NEW YORK — Six months after the Sept. 11, 2001, terrorist attacks, Congress approved an $8 billion program to repair this city’s damaged office towers, build apartment buildings and finance the rebirth of the financial district.
But two years later, city records show that much of the money, dubbed Liberty Bonds, has gone to developers of prime real estate in midtown Manhattan and Brooklyn and to builders of luxury housing.

And who received this governmental perk? Yes, the businesspeople who needed it the least:

Local and state officials — over the objections of their own downtown development chief — gave one developer $650 million from the Liberty Bonds to erect an office tower for the Bank of America near Times Square, miles from the shattered precincts of Ground Zero. According to city records, another developer got $113 million to build a tower for Bank of New York in Brooklyn. One of the few projects downtown has gone to actor and sometime developer Robert De Niro, who picked up nearly $39 million from the bonds in November to build a boutique hotel in Tribeca, directly north of Ground Zero.

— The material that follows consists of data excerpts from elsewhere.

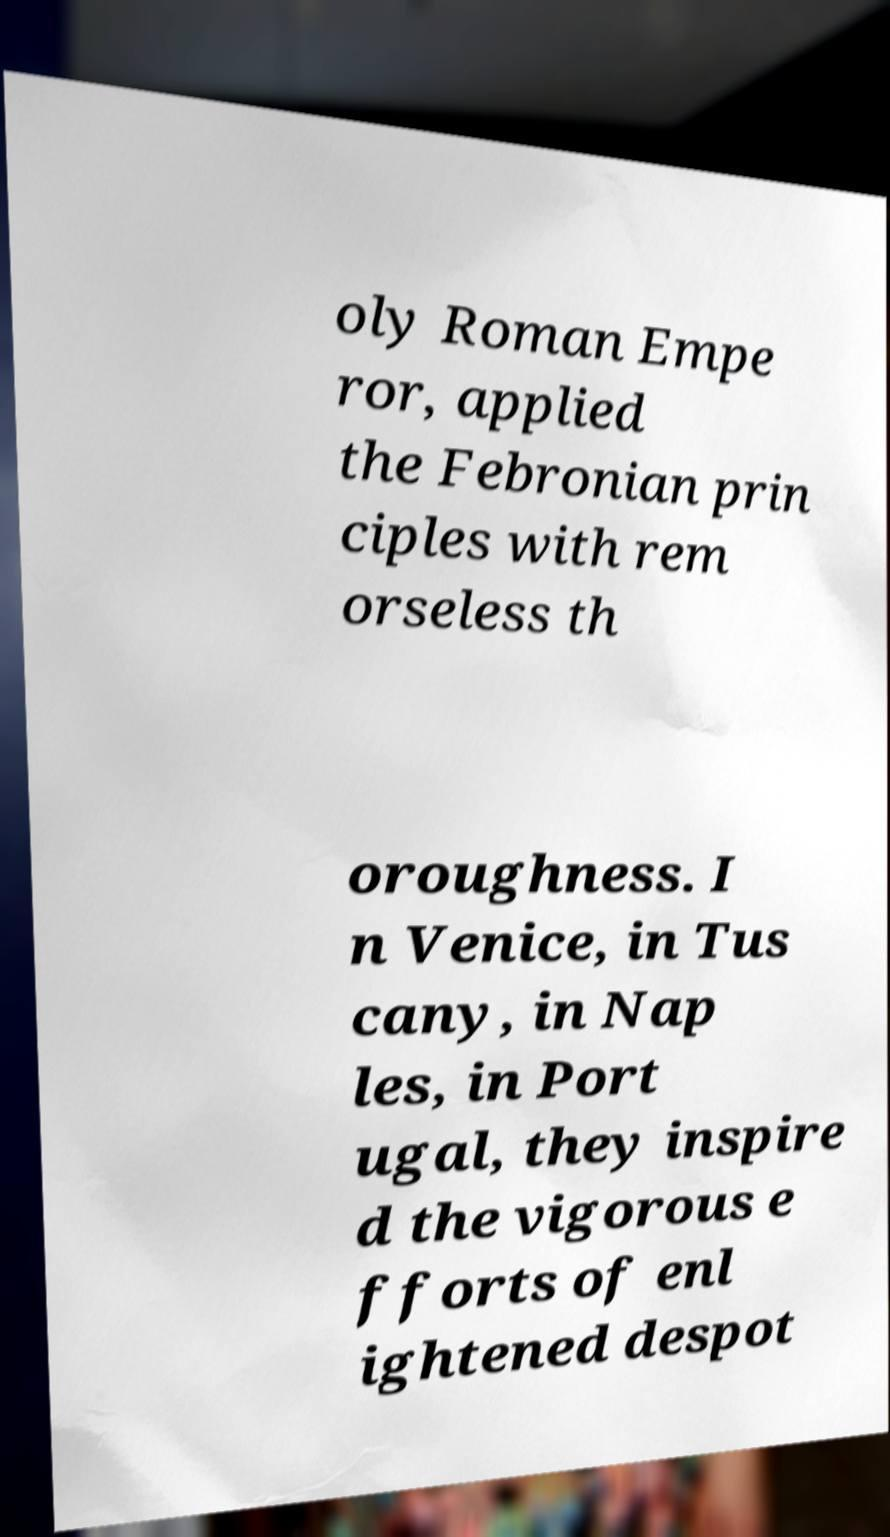Could you assist in decoding the text presented in this image and type it out clearly? oly Roman Empe ror, applied the Febronian prin ciples with rem orseless th oroughness. I n Venice, in Tus cany, in Nap les, in Port ugal, they inspire d the vigorous e fforts of enl ightened despot 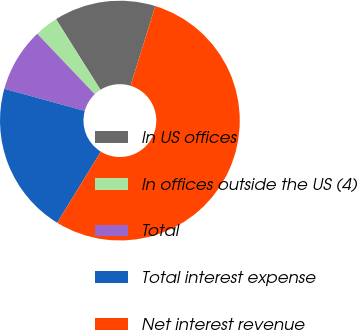<chart> <loc_0><loc_0><loc_500><loc_500><pie_chart><fcel>In US offices<fcel>In offices outside the US (4)<fcel>Total<fcel>Total interest expense<fcel>Net interest revenue<nl><fcel>13.71%<fcel>3.16%<fcel>8.62%<fcel>20.51%<fcel>53.99%<nl></chart> 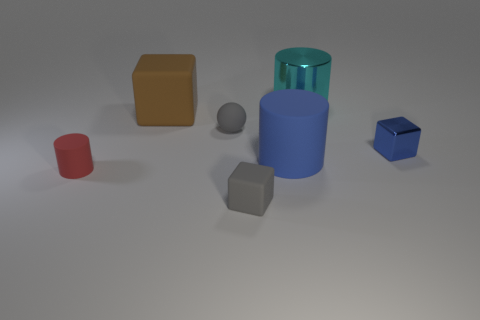What is the material of the blue object that is the same shape as the big cyan metal object?
Provide a short and direct response. Rubber. There is a large cyan shiny cylinder that is to the right of the big matte object that is to the right of the gray block; how many gray matte blocks are in front of it?
Make the answer very short. 1. Is there anything else of the same color as the small cylinder?
Provide a succinct answer. No. What number of cylinders are both on the left side of the large cyan thing and to the right of the big brown thing?
Your answer should be very brief. 1. Do the shiny thing in front of the big block and the cylinder left of the small rubber ball have the same size?
Your answer should be compact. Yes. How many objects are either objects that are in front of the brown thing or yellow objects?
Your answer should be compact. 5. What material is the gray thing in front of the small cylinder?
Offer a very short reply. Rubber. What is the material of the big cyan thing?
Provide a short and direct response. Metal. The block right of the tiny gray thing that is in front of the blue thing left of the cyan cylinder is made of what material?
Your answer should be compact. Metal. Is there any other thing that has the same material as the small ball?
Provide a short and direct response. Yes. 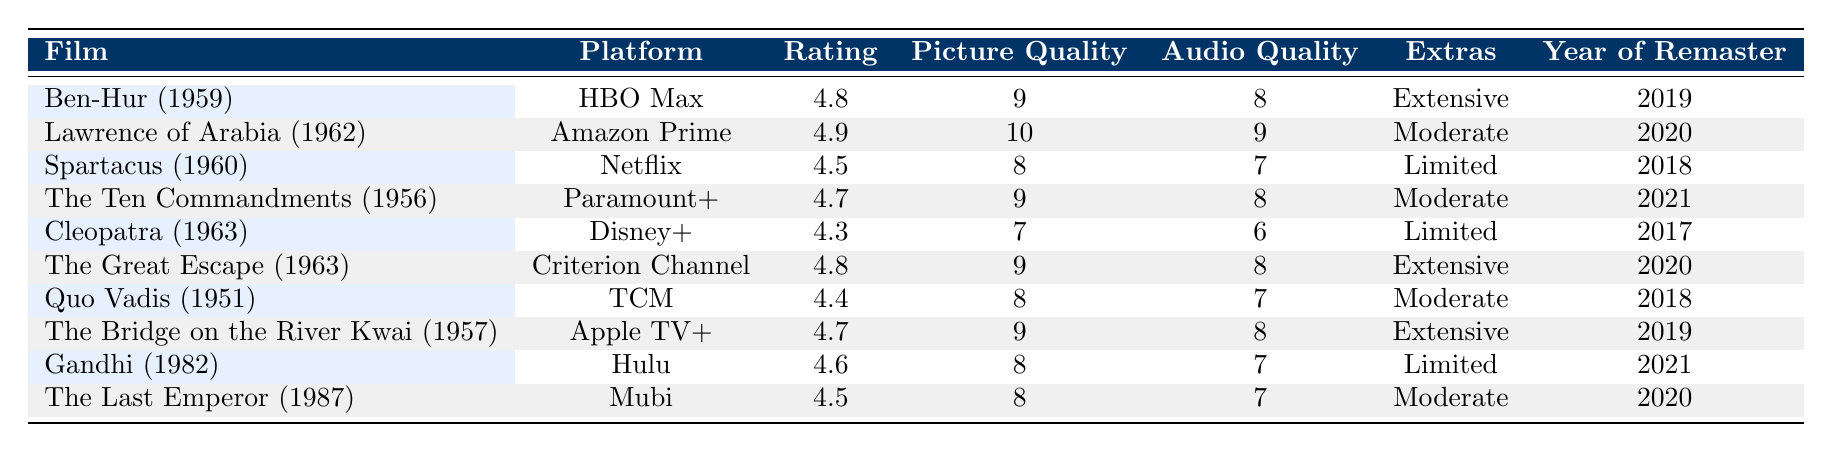What is the rating for "The Great Escape"? According to the table, the rating for "The Great Escape (1963)" listed under the platform Criterion Channel is 4.8.
Answer: 4.8 Which film has the highest picture quality rating? By examining the Picture Quality column, "Lawrence of Arabia (1962)" has the highest score of 10.
Answer: Lawrence of Arabia (1962) Is "Cleopatra" rated higher than "Gandhi"? Looking at the Ratings, "Cleopatra (1963)" has a rating of 4.3, while "Gandhi (1982)" has a rating of 4.6. Therefore, "Cleopatra" is not rated higher than "Gandhi."
Answer: No What is the average viewer rating of all films listed? To find the average, we total all the ratings: (4.8 + 4.9 + 4.5 + 4.7 + 4.3 + 4.8 + 4.4 + 4.7 + 4.6 + 4.5) = 46.5. There are 10 films, so 46.5 / 10 = 4.65.
Answer: 4.65 Which film has the most extensive extras? From the Extras column, we find that both "Ben-Hur (1959)", "The Great Escape (1963)", and "The Bridge on the River Kwai (1957)" are marked as having "Extensive" extras.
Answer: Ben-Hur (1959), The Great Escape (1963), The Bridge on the River Kwai (1957) Which platform has the lowest viewer reviews? By examining the Viewer Reviews column, "The Last Emperor (1987)" has the fewest reviews with a total of 380.
Answer: Mubi Is "Spartacus" the only film with limited extras? Looking at the Extras column, “Spartacus (1960)” is listed as having "Limited" extras, but so are "Cleopatra (1963)" and "Gandhi (1982)", which means "Spartacus" is not the only one.
Answer: No What is the total number of viewer reviews for films remastered in 2020? The films remastered in 2020 are "Lawrence of Arabia (1962)" with 980 reviews, "The Great Escape (1963)" with 710 reviews, and "The Last Emperor (1987)" with 380 reviews. Adding these gives: 980 + 710 + 380 = 2070.
Answer: 2070 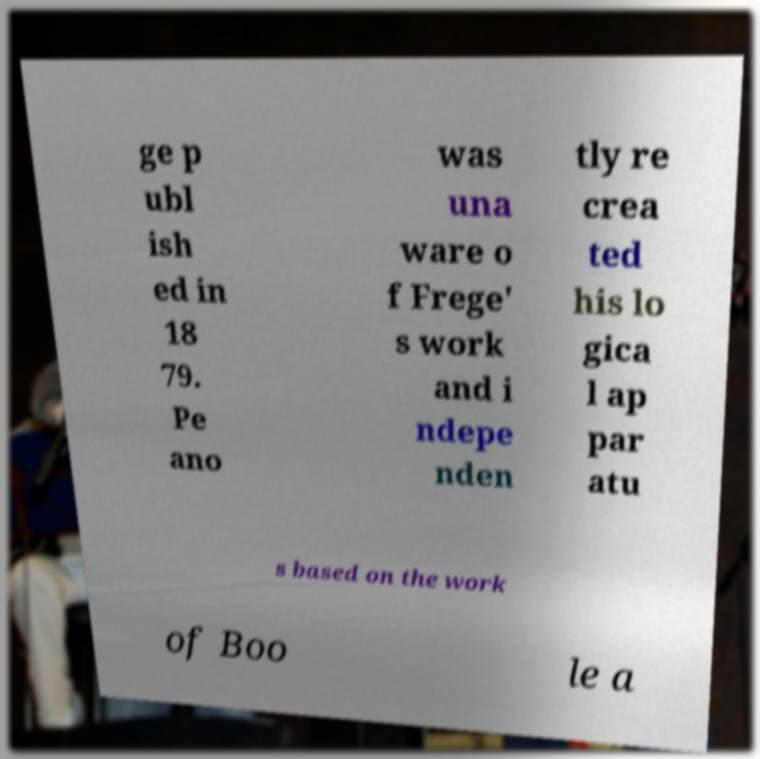Please read and relay the text visible in this image. What does it say? ge p ubl ish ed in 18 79. Pe ano was una ware o f Frege' s work and i ndepe nden tly re crea ted his lo gica l ap par atu s based on the work of Boo le a

Congress designated $1.6 billion of the Liberty Bonds for rental housing for the tens of thousands of moderate-income residents who live in Lower Manhattan. Who got that money?:

Nearly all the money from those bonds has gone to prominent developers to build luxury apartment towers in the neighborhoods around Ground Zero, accelerating its transformation into one of New York’s richest neighborhoods, the city records show.

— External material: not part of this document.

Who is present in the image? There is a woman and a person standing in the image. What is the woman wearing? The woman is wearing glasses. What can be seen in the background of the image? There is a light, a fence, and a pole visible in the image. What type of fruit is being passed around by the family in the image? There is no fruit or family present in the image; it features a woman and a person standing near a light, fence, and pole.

And what is the bureaucratic response to allegations of political favortism over the doling out of this financial largesse?:

State housing officials said that political favoritism played no part in their decisions and that loans were handed out “on a first-come, first-served basis.” Litwin, they say, had projects in the works and simply got in line when the Liberty Bonds came available.

To which Professor Sauer responds insightfully: “That’s it folks — projects already “in the works” get millions of subsidies. What good are the subsidies then?”

Why don’t airlines hedge fuel costs?

The always perceptive Professor Ribstein over at Ideablog asks this question: Given the volatility or oil prices and the adverse impact of high prices on the business of running an airline, why don’t airlines hedge their fuel costs?
The answer: Airlines generally are not, and never have been, particularly well-managed.
After a particularly unfulfilling experience in investing in airline stocks several years ago, Warren Buffett studied the industry and concluded, if one tabulates all of the airline industry’s finances since the day the Wright Brothers in 1903, one will discover that, cumulatively, there has not been a single penny of profit. Mr. Buffett has also suggested that, in hindsight, shooting down the Wright Brothers on that beach would have been a reasonable financial, if not moral, move.
However, one airline — Dallas-based Southwest Airlines — is and always has been well-managed. And guess who has been hedging its fuel purchases? Read about it here.
Update to this post here.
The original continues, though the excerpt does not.